# TASK PROMPT
A faithful copy of the listing below is needed, with its pictures left out.

[Start of section]

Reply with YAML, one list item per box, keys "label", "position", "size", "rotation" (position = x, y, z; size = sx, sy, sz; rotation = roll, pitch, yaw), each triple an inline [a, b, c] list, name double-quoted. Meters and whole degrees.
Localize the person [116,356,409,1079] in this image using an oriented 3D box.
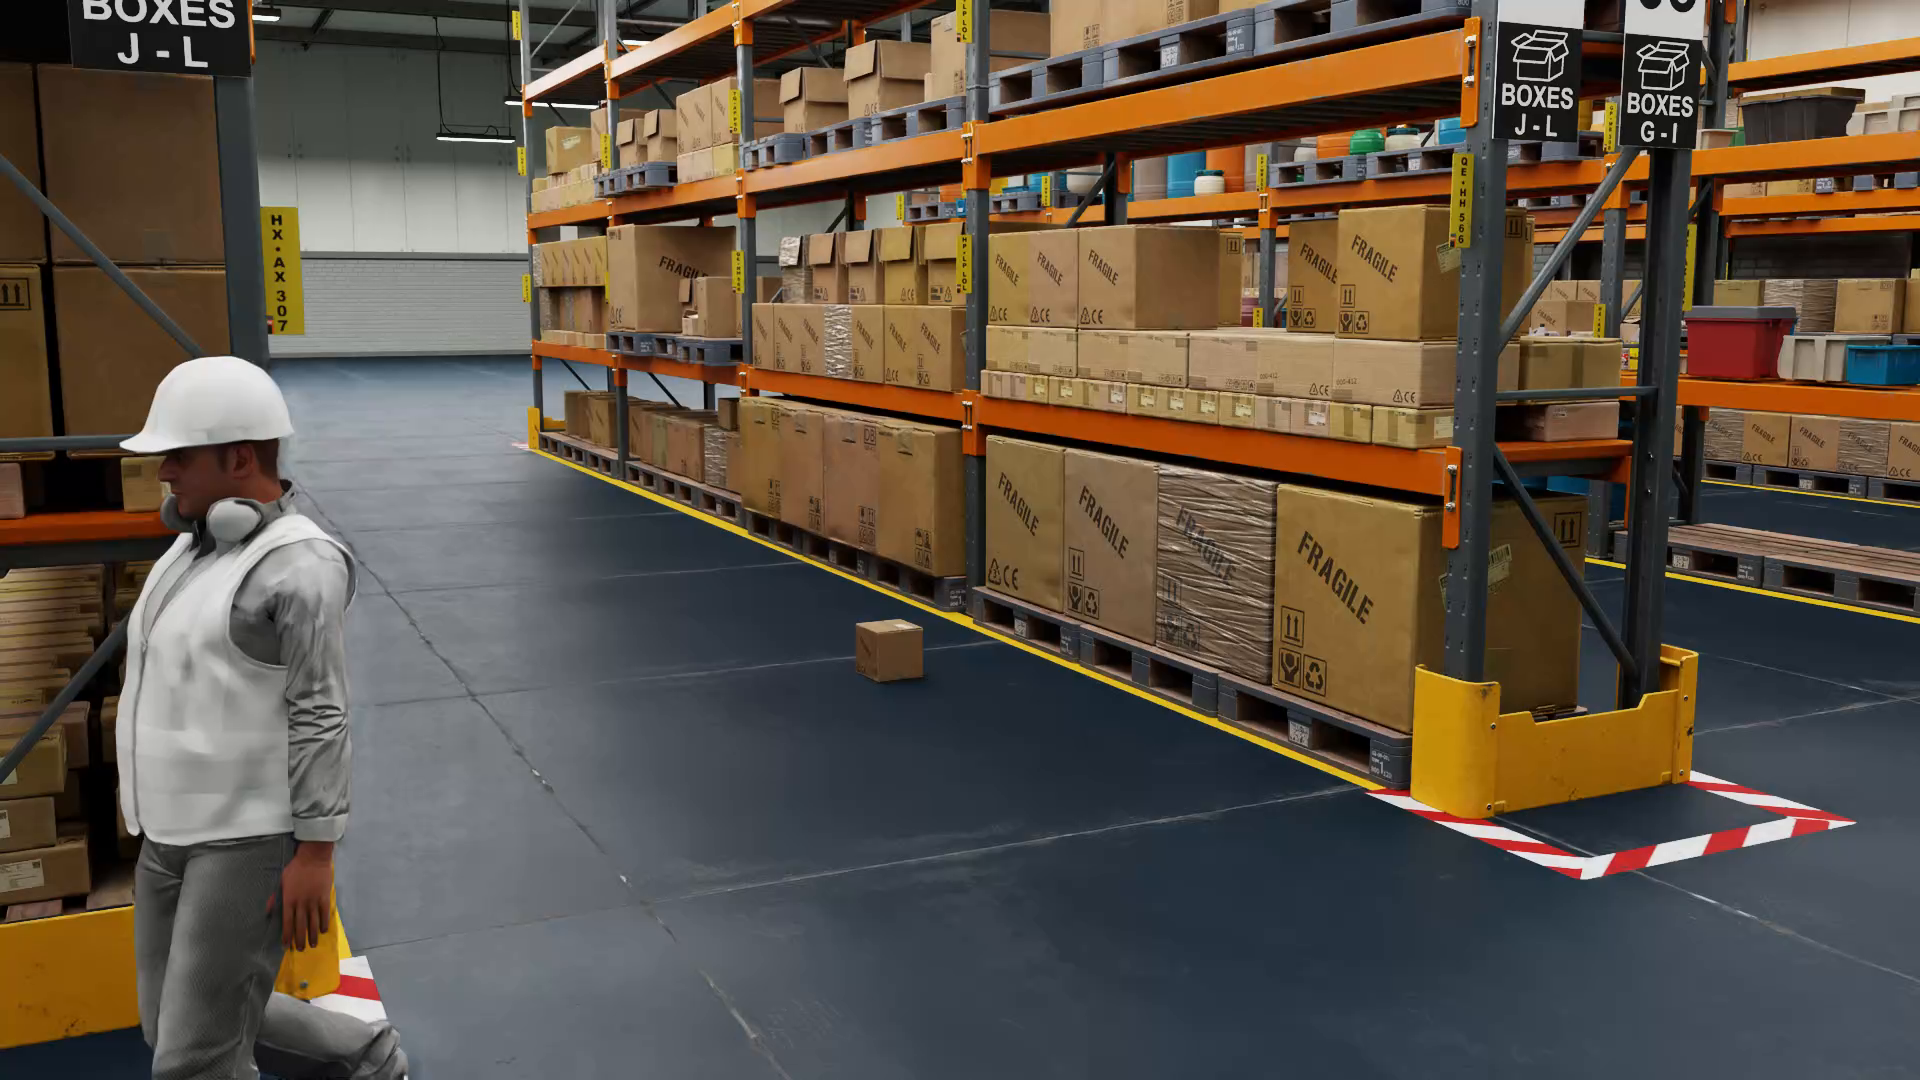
- label: "person"
  position: [-1.371, 0.531, 3.155]
  size: [0.556, 1.748, 0.763]
  rotation: [7, 11, 41]

[End of section]

# SOLUTION TO THIS TASK
Reply with YAML, one list item per box, keys "label", "position", "size", "rotation" (position = x, y, z; size = sx, sy, sz; rotation = roll, pitch, yaw), each triple an inline [a, b, c] list, name double-quoted. Meters and whole degrees.
Localize the person [116,356,409,1079] in this image using an oriented 3D box.
- label: "person"
  position: [-1.371, 0.531, 3.155]
  size: [0.556, 1.748, 0.763]
  rotation: [7, 11, 41]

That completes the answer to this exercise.